Коль уж Натан будет возвращаться тем же путем, то появится здесь не более чем через десять минут. А если захочет погулять, да потом решит, что необходим еще один пунфырик? Завтра – шабат, выходной, на работу спешить не надо. Марк поймал себя на мысли, что он даже не знает, где работает сосед-алкаш, и работает ли вообще. Хотя, при его взаимной любви с «Аляской», просто невозможно не работать. Чудак он, этот Натан: ведь пять шкаликов этой водки стоят в полтора раза дороже, чем литровая бутылка. Вот и взял бы себе литр, гуляй с собачкой, похлебывая, экономя трудовые шекели да не напрягая бедного Моше тремя-четырьмя визитами в час. Ладно, чужая душа – потемки, а влезешь, как говорит тот же Натан, то сам же и виноват будешь…

Пересекая стоянку, к подъезду неспешно двигалась соседка по этажу Вера Михайловна, тоже, как и Марк, бывшая харьковчанка. До приезда в Израиль она обитала где-то в Роганском массиве, Марк никогда не бывал в  этом районе новостроек. Знает лишь, что где-то там есть пивзавод «Рогань», что его продукция довольно качественная, почти на уровне «Новой Баварии», хотя на вкус и цвет существуют диаметрально противоположные мнения…

Подняв голову и увидев Марка, Вера Михайловна кивнула, Марк слегка приподнял руку, обозначая приветствие, и снова уставился в проем между соседними домами, где с минуты на минуту мог появиться Натан. Где же тебя носит, пьянь серая, чего дома не сидится? Не бегать же мне по кварталу, тебя изыскивая…

Марк дернулся от громкого звука, но тут же поняв, что сработал не телефонный звонок, а дверной, бросился в коридор.

-- Вижу вы еще не спите, --- Вера Михайловна смущенно улыбнулась, переступая порог. – У меня один  маленький вопрос, Марик, очень быстро… Или я не вовремя?..

-- Что вы, всегда рад, Верочка…

-- Я вот о чем подумала, Марик. Давайте-ка обменяемся телефонами, по-соседски. Мало ли что…

-- Без проблем, -- кивнул Марк. – Странно, что мы не сделали этого раньше. Случись чего, вдруг трубу прорвет…

-- Типун вам!

-- Записывайте.

Вера Михайловна аккуратно ввела в свой мобильник номер соседа и подняла взгляд:

-- Вот еще одно… Понимаете, у меня недавно гостил племянник. Я показала ему ваши книжки. Он имеет отношение к издательству…

-- В Харькове? – спросил Марк, недовольный тем, что его отвлекли от наблюдения за двором.

-- Ну да.

-- Боже, избавь!..

-- Но почему? Получите гонорар, книги раскупят… тем более, вы пишете о наших земляках…

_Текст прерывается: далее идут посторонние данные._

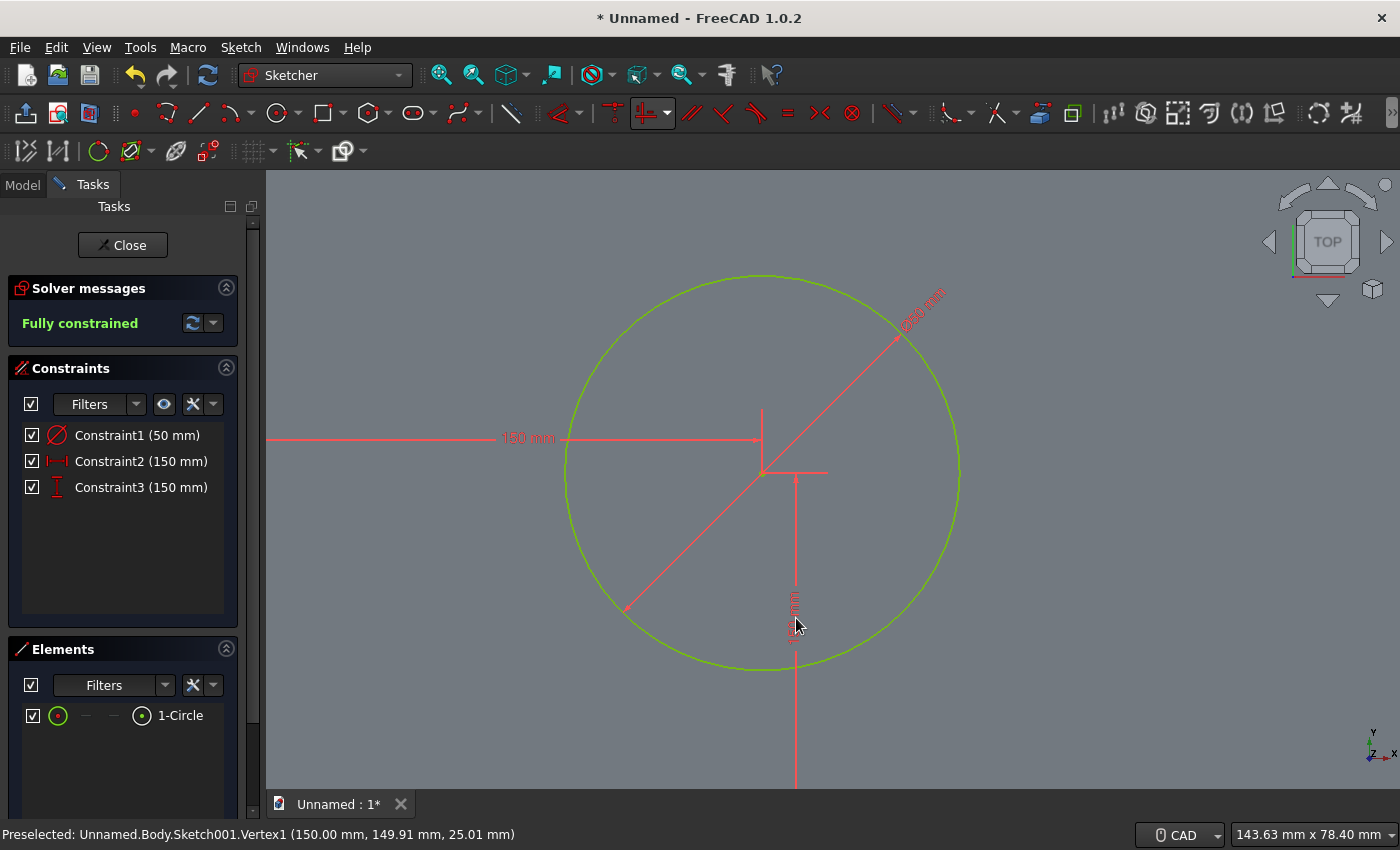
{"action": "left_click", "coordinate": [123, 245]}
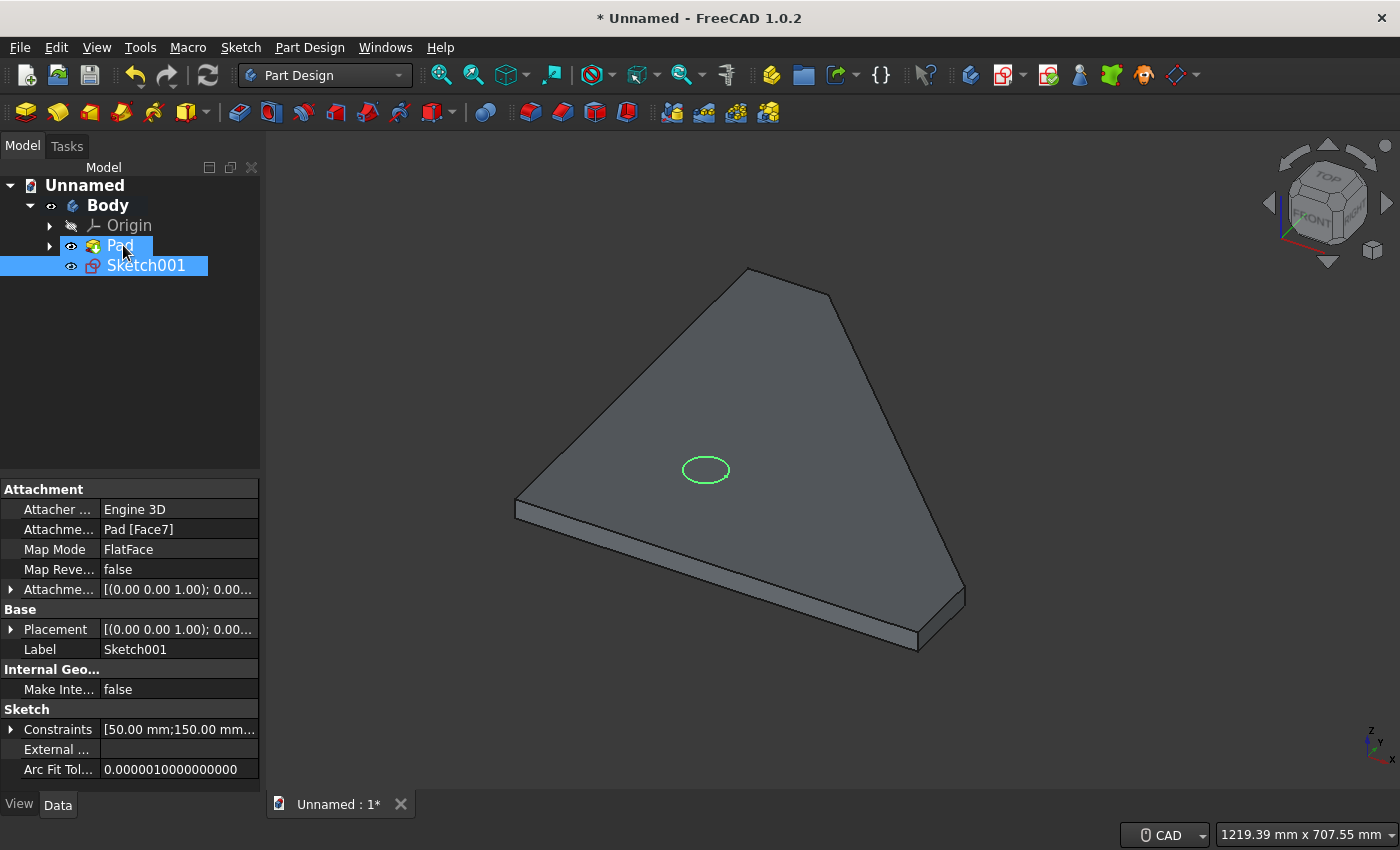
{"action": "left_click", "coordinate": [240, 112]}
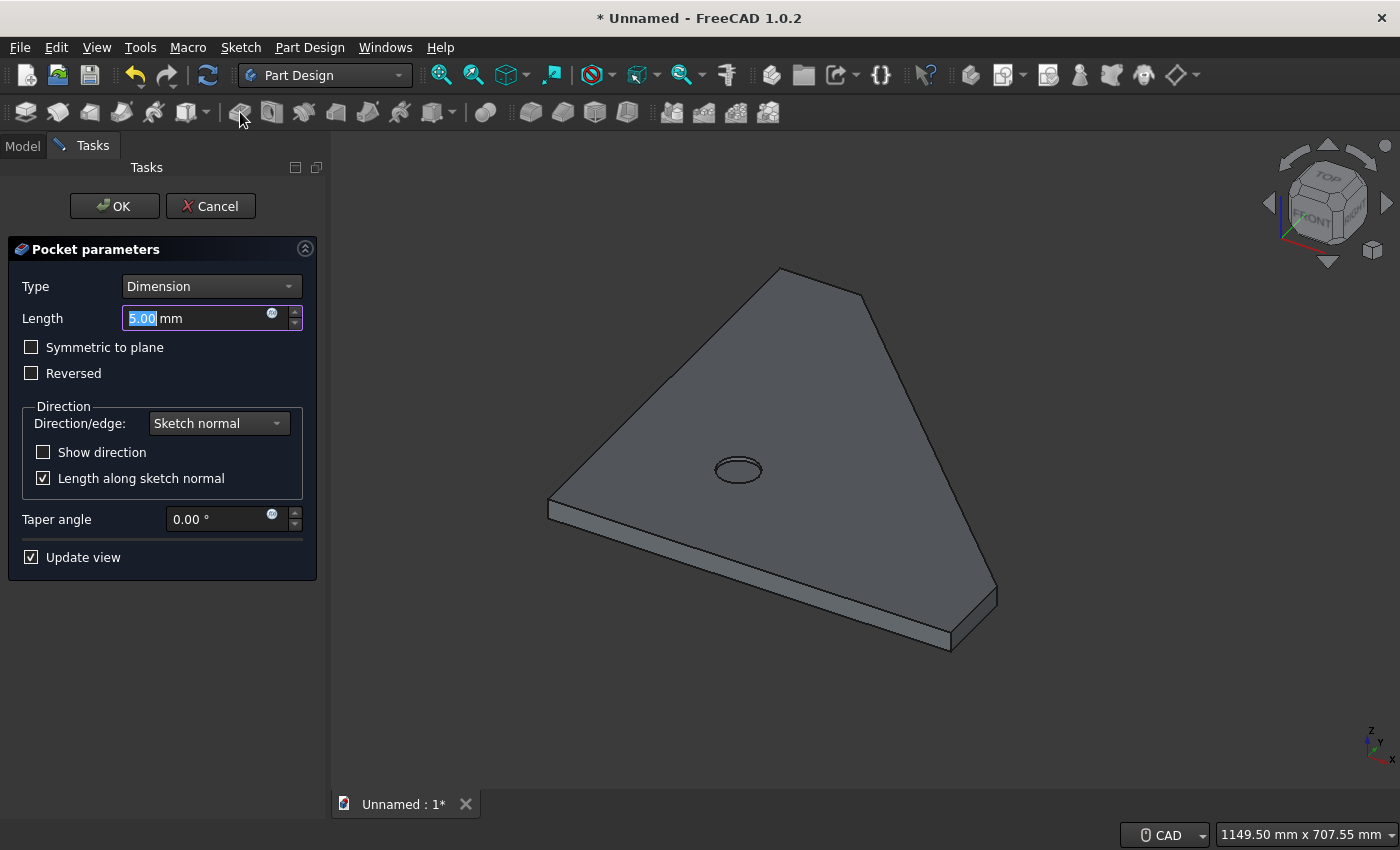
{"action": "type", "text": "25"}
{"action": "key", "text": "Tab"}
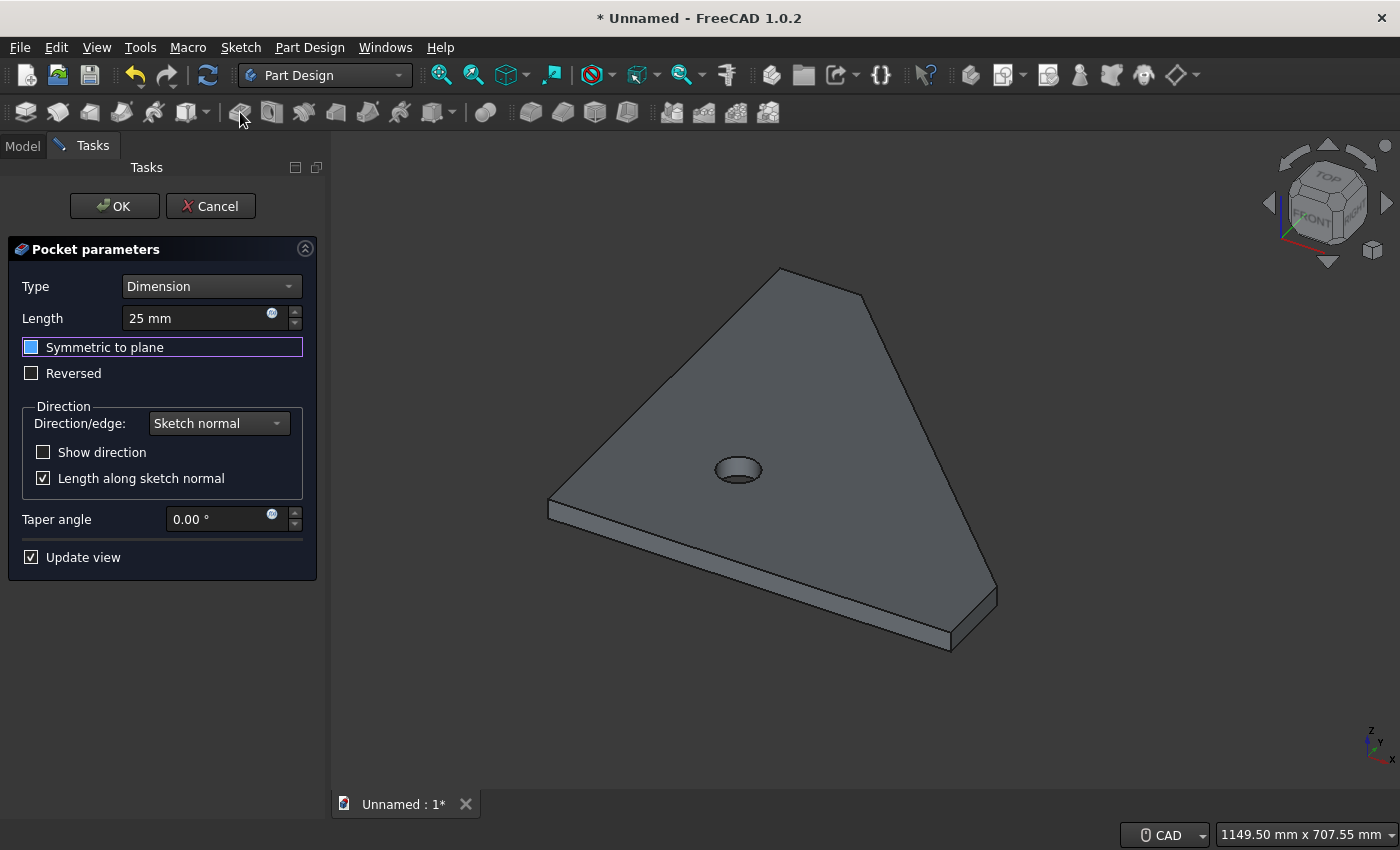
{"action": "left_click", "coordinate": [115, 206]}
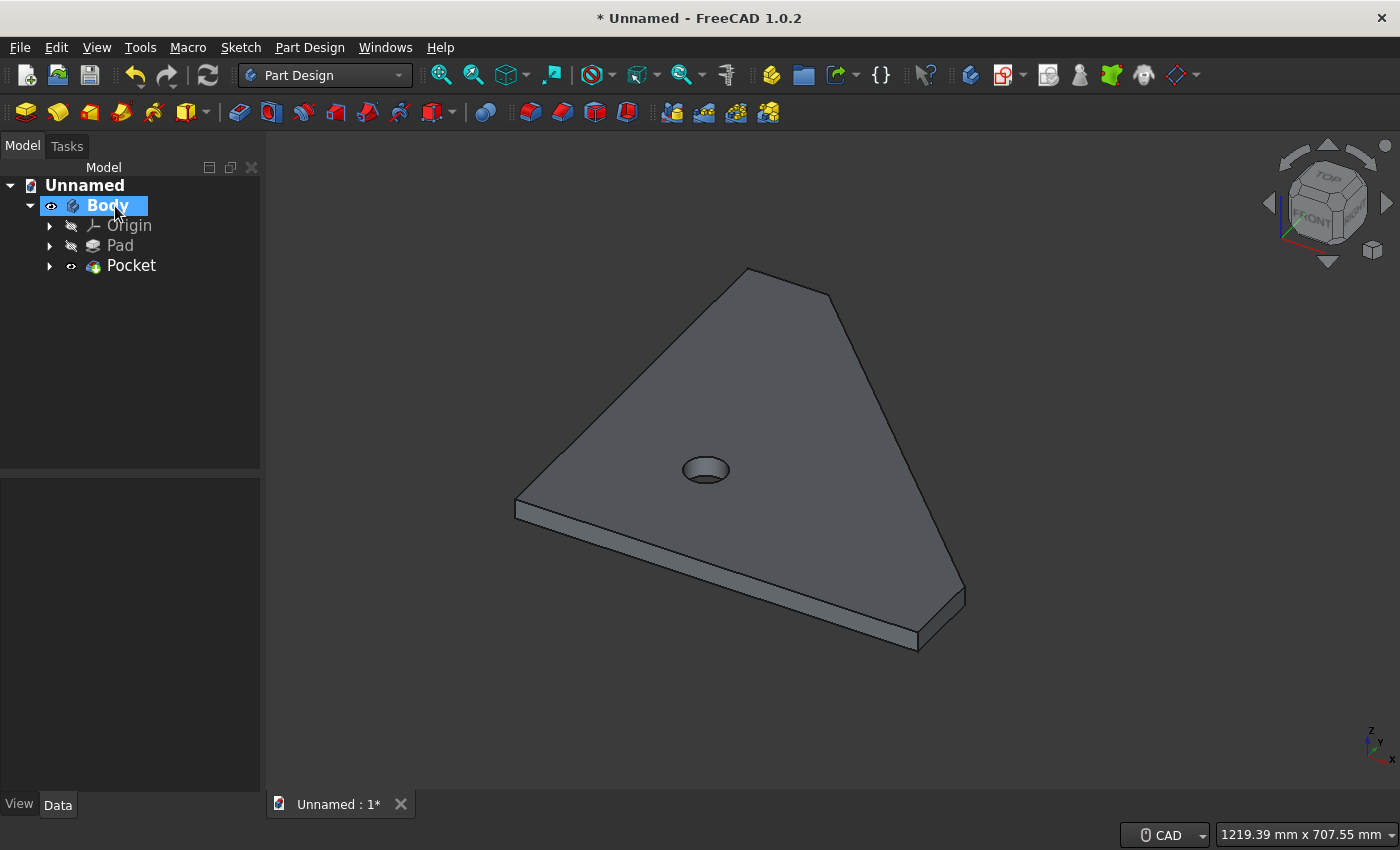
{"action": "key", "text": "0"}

-- Нет, нет. Ни в Харькове, ни вообще в Украине я их переиздавать больше не буду. Попробовал раз, получил сущие копейки за «Бандитов Тель-Авива» и головную боль за свою глупость. Спасибо, увольте.

Вера Михайловна вздохнула и развела руками.

-- Что ж, извините. Спокойной ночи.

Марк хмыкнул. За последние десять минут уже вторая женщина таким же тоном пожелала ему спокойной ночи, перед этим попросив прощения. Разочаровывает Марк милых дам...

Он запер дверь и поспешил к окну. И вовремя: Натан, описывая по двору круги и восьмерки, постепенно приближался к дому. У ног хозяина, поскуливая и повизгивая, крутилась Дэзи, волоча за собой поводок. Натан добрался до палисадника перед подъездом, опустился на одно колено, потом на другое, и тихо улегся ничком, пристроив кулак под щеку. Пару раз грустно тявкнув, Дэзи прибилась хозяину под бок, только хвост ее подрагивал. Неужели он и собаку водкой поит? – покачал головой Марк.

Ладно. Подождем до утра. Все равно сегодня уже ничего не узнаем.